How To Build Trust With Your Customers

One of the most important aspects of customer experience is trust. Customers simply don’t want to do business with a company they can’t trust.

Insurance is an industry rooted in building trusting relationships. It started 5,000 years ago when Chinese merchants split their goods across multiple shared ships. If one ship went down, no single merchant would lose all of their goods. This wasn’t a formal program, but was instead based on a relationship of trust. The merchants knew they could trust each other because they all had the same goal to preserve their goods and limit their risks.

These days, insurance and other industries, like banking and healthcare, are still based on trust. It follows the if/then model—if a customer gives a company every month, then they trust that if something goes wrong down the road, that company will take care of them.

For industries that are built on the foundation of trust, there isn’t a lot of trust happening these days. In fact, consumer trust in many of these industries is at an all-time low. It’s not due to one single event, but rather to slowly chipping away at the relationship. Every time a company makes a customer repeat themselves, wait on hold for a long time, fill out mountains of paperwork or do any other frustrating task, that customer loses a little bit of trust in the company. And without trust, there isn’t a relationship with the customer.

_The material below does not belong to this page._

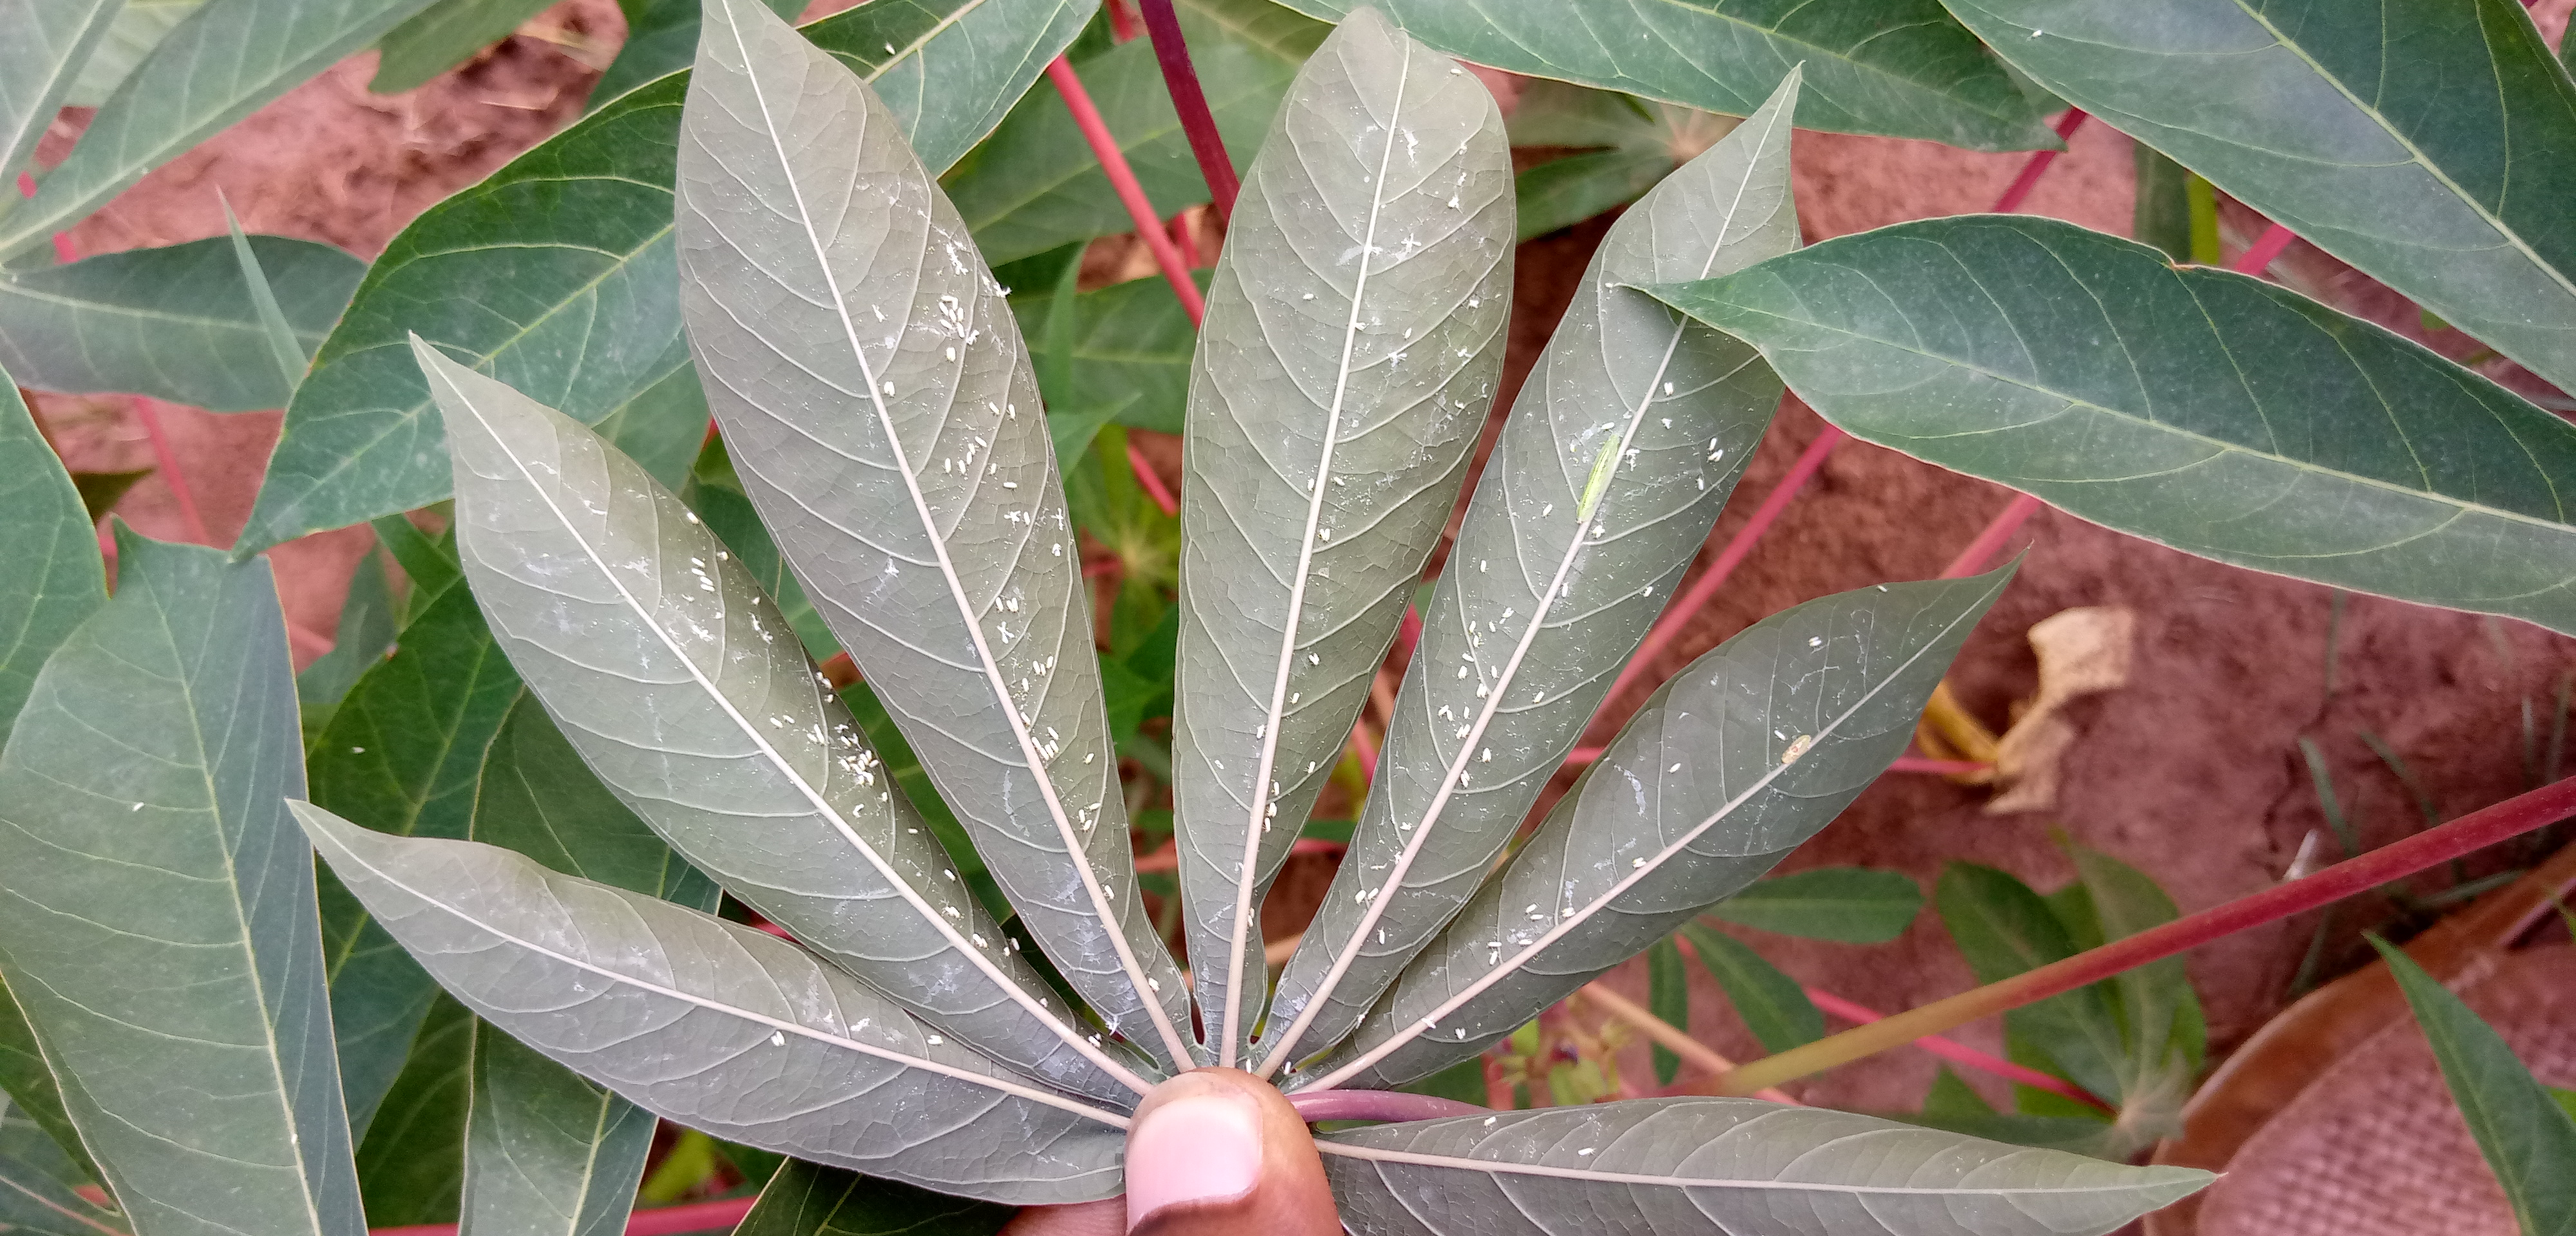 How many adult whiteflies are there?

170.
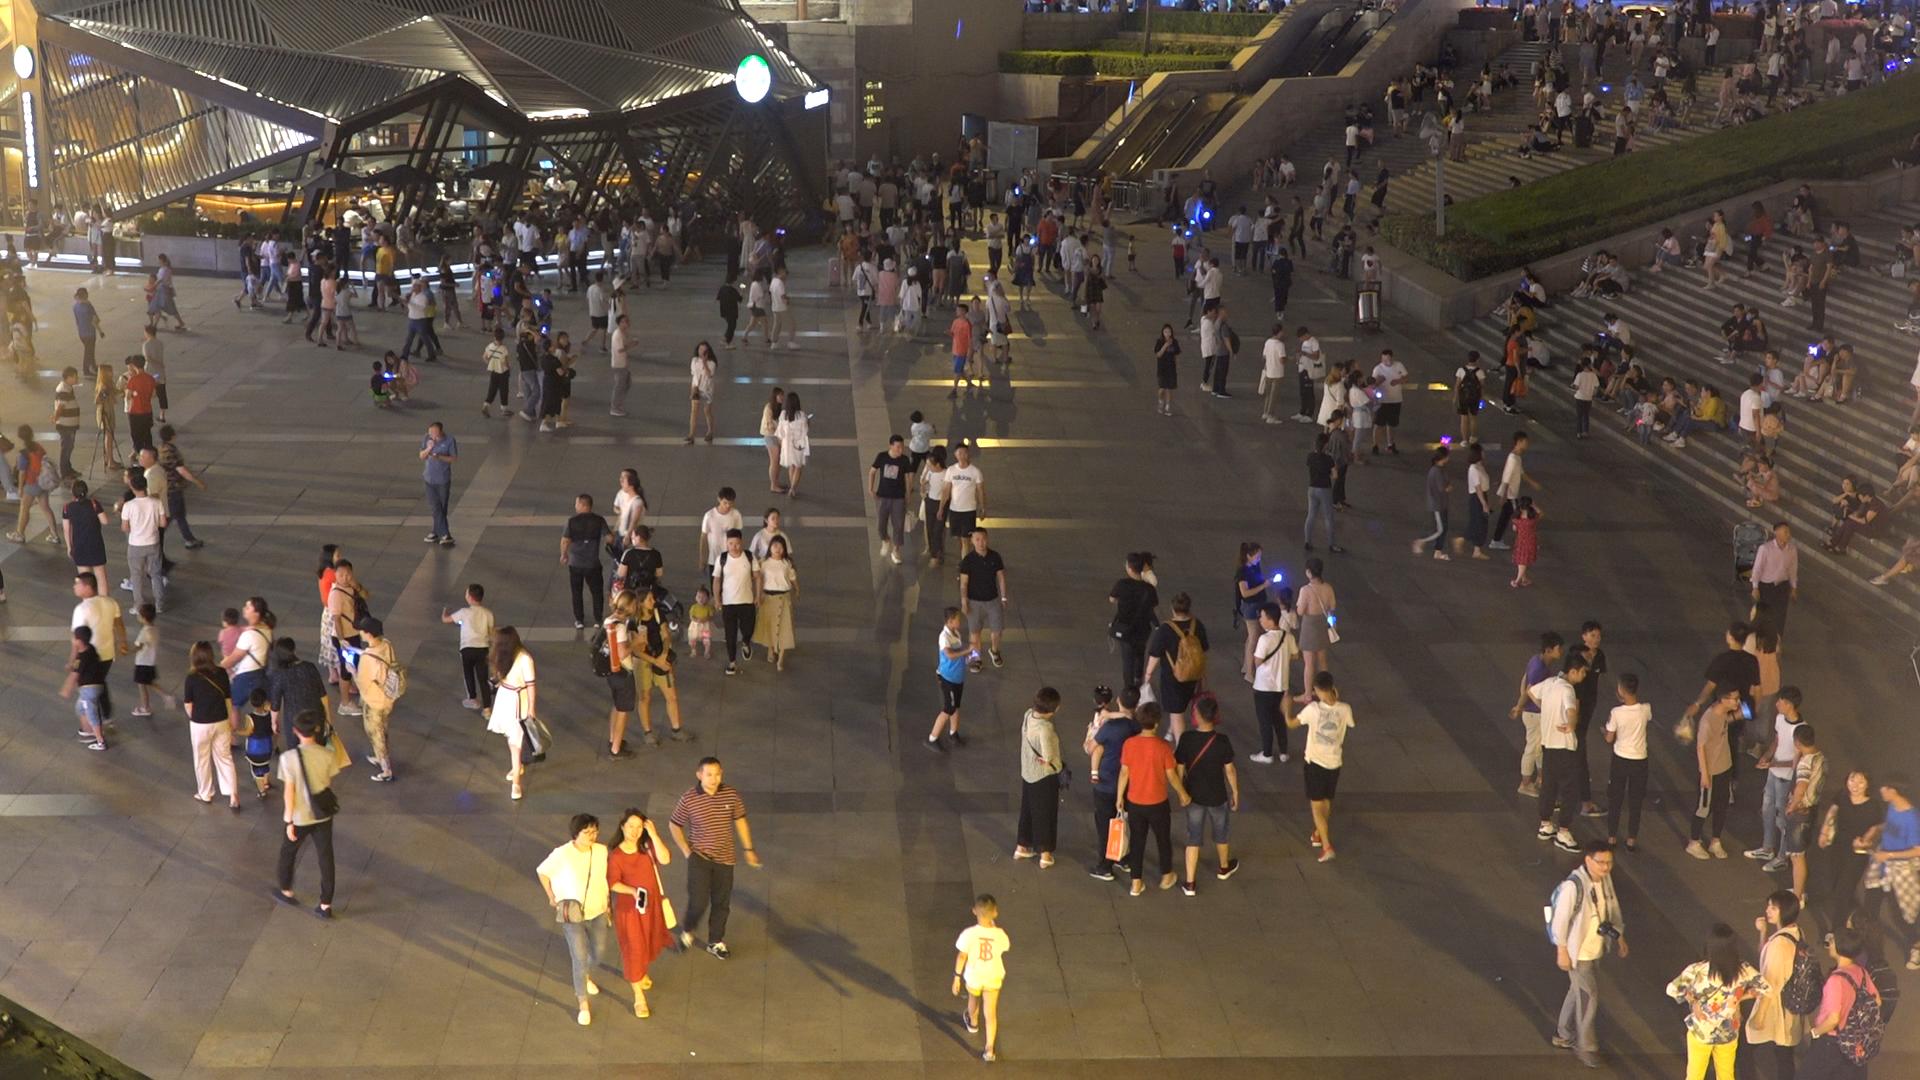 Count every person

Many companies are focused on getting as much work done as possible. There has been a big push lately towards operational efficiencies and finding ways to streamline processes. It sounds great until you realize that operational efficiency is the exact opposite of a quality customer experience. By trying to get through as many customers as you can and increasing the volume, you sacrifice personalized customer support. Instead of feeling like an actual human who can trust a company to solve their problems and meet their needs, a customer feels like just a number being pushed down the assembly line of customer care.

This is especially important for big companies that are stuck in their old ways of doing things. New startups are popping up in all industries that are making a splash because of their focus on customer experience and their willingness to try something new. These companies see and address customer pain points, which helps build a trusting relationship.

Trust is the cornerstone to all customer experiences. It can’t be built in a day, but it can be destroyed quickly. Focusing on each customer individually instead of rushing to get things done can help create a long-term relationship of trust.